Session: Modeling, Solvers, and Quantum
Chair: Giacomo Nannicini
Cluster: nan
Talk 1: Making Some Smooth Problems with Derivative Jumps Easier to Express
Speaker: David Gay
Abstract: Some optimization problems involve an objective or constraints with derivative jumps. The jumps may be due to absolute values or the minimum or maximum of two or more expressions or to the piecewise linearization of a nonlinear function. There are multiple ways to deal with such situations. For example, Griewank and Walther propose using regularization supplied by overloading the relevant expressions. Of interest in this talk is using binary variables to decide which pieces are currently relevant. In the AMPL modeling language, this is implicit when one uses the piecewise-linear notation. This talk will present examples and discuss plans to automatically convert abs(...), min(...), and max}(...) to piecewise-linear forms, enabling efficiently solving by various solvers.
Talk 2: The quantum central path method
Speaker: Giacomo Nannicini
Abstract: Abstract: We propose a new quantum algorithm for solving linear optimization problems by quantum-mechanical simulation of the central path. While interior point methods follow the central path with an iterative algorithm that works with successive linearizations of the perturbed KKT conditions, we perform a single simulation working directly with the nonlinear complementarity equations. Our approach is inspired by the Newton barrier flow studied in the 80s by several authors, and goes beyond those studies by giving a full description of a quantum algorithm that simulates the corresponding dynamical system. The algorithm has a worst case complexity with favorable scaling in the problem dimension compared to state-of-the-art methods, but worse scaling in the precision and the size of the solution. We hope that with further advancements, this method could pave the way for an end-to-end quantum speedup for linear optimization.

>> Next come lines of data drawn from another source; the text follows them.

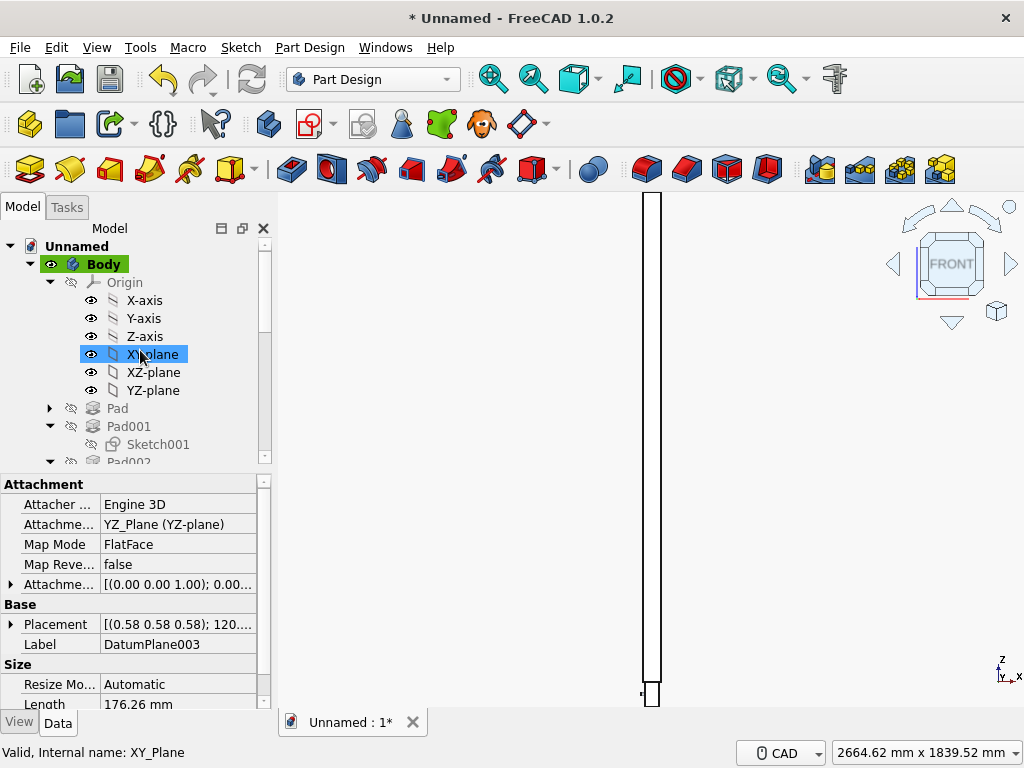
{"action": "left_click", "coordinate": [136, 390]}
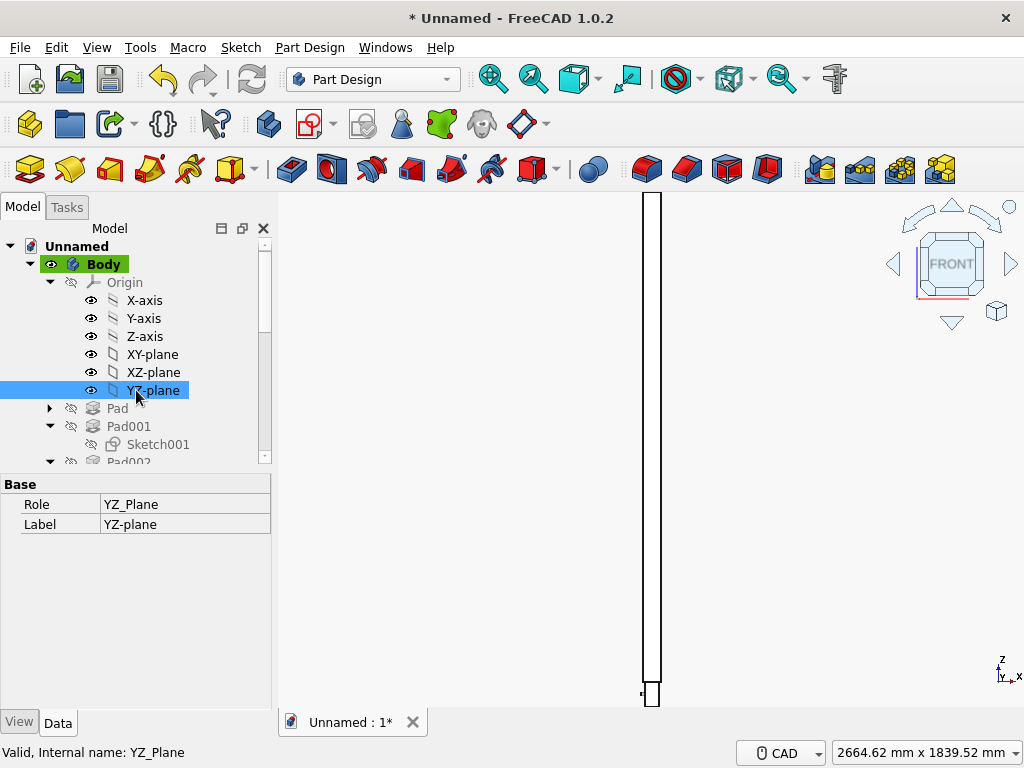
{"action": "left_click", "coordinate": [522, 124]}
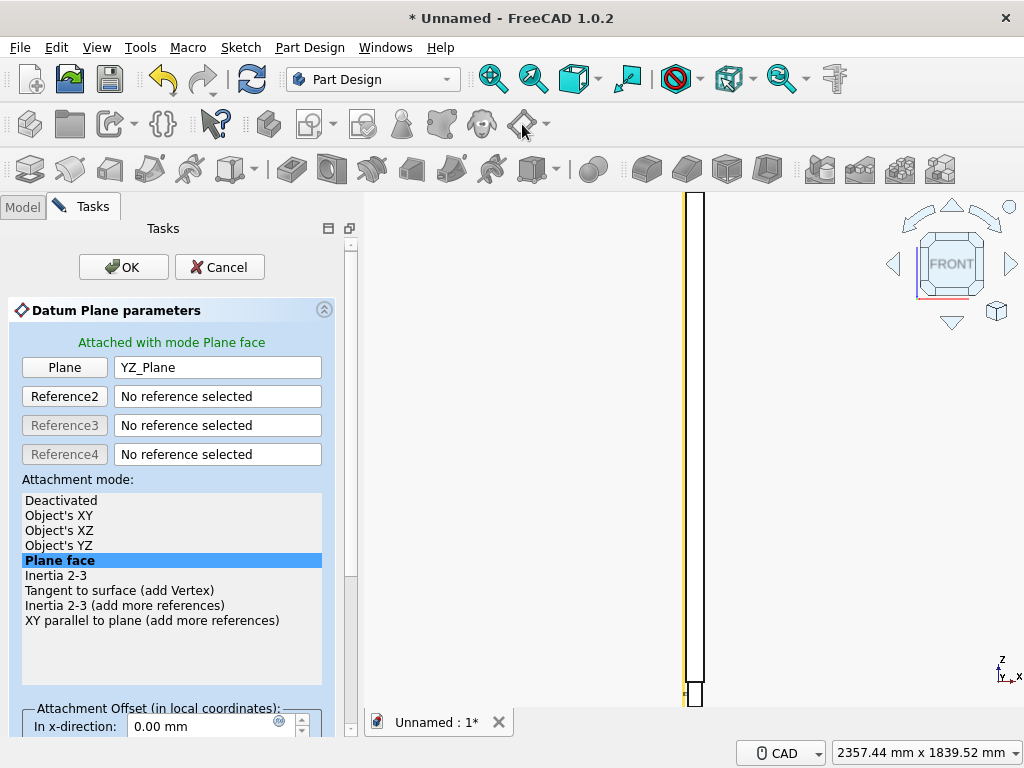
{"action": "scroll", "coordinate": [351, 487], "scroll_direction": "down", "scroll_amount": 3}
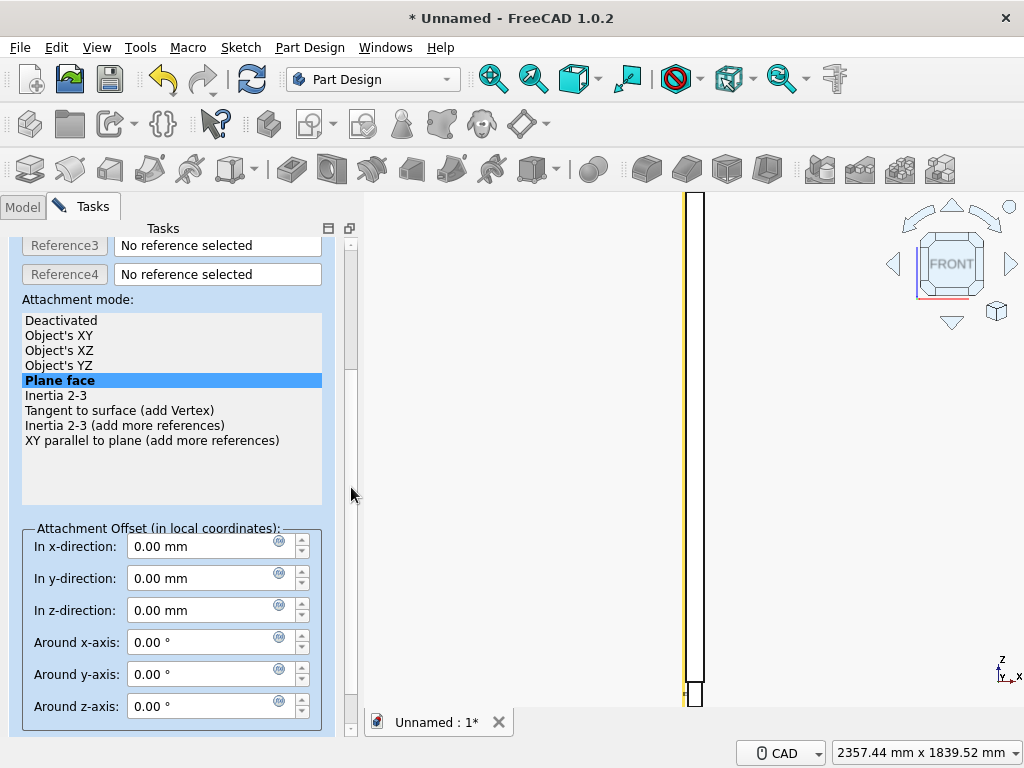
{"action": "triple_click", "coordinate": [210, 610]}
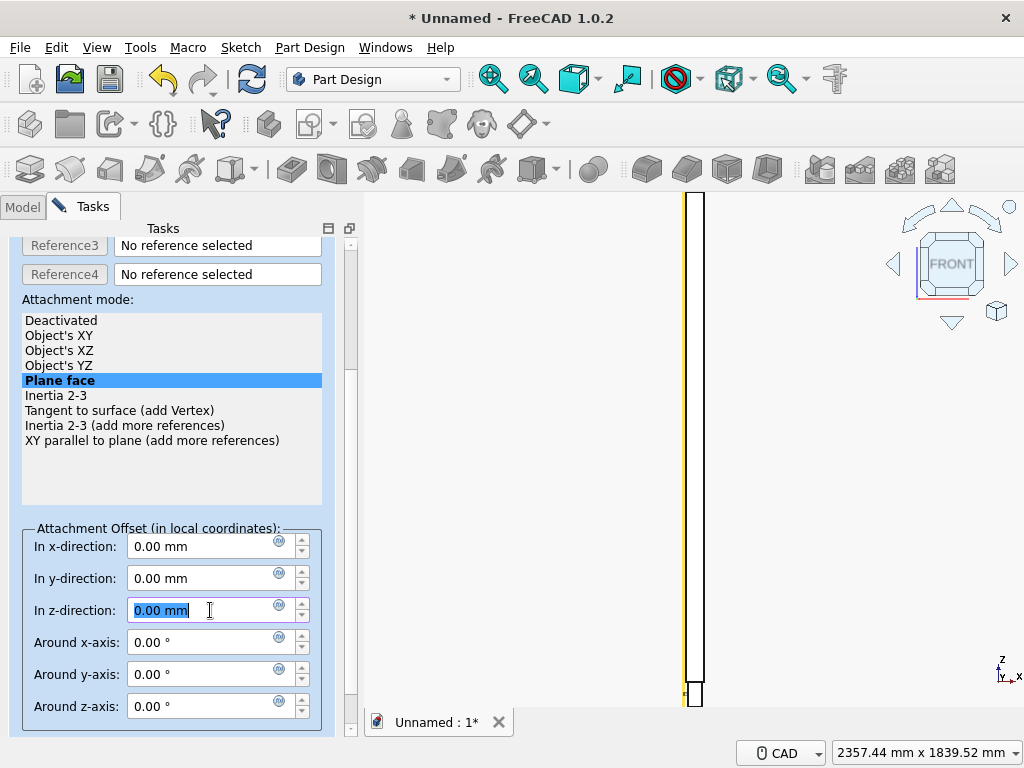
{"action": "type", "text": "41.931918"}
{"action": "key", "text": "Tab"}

Talk 3: Modeling and algorithmic framework for complex optimization problems and equilibrium problems
Speaker: Olivier Huber
Abstract: Algebraic modeling languages (AML) have shaped the problem structure considered in numerical optimization, and indirectly have an impact on the instances coming from applications and the ones considered by solvers. However, problems not fitting the classical AML format are abundantly found in applications. For instance, nonsmoothness commonly arises in (multistage) stochastic programming problems with coherent risk measures. Bilevel or multilevel models feature multiple optimization problems, and so do Nash equilibrium problems. A given application can feature a combination of the above challenge. Consider the decentralized electricity market, where the weather affect the production level of some producers. This leads to a Nash equilibrium problem with multistage risk-averse agents. To capture these challenging but structured models, we propose a modeling framework based on a directed acyclic graph (DAG). The nodes are of two type: the first one subsumes classical optimization problems and variational inequalities, while the second one indicates a Nash behavior among its children nodes. The directed arcs capture the interactions between optimization problems. This modeling approach is implemented via annotation and extends an AML modeling power. Model transformations are defined over the DAG structure to convert part or all of the model into a form amenable to computations by existing solvers. Many instances captured by this modeling paradigm fall outside of the scope for robust solvers, an algorithmic framework to solve these instances, for instance by decomposition or approximation, is presented. An implementation of these ideas is present in ReSHOP, a reformulation solver for hierarchical optimization problems.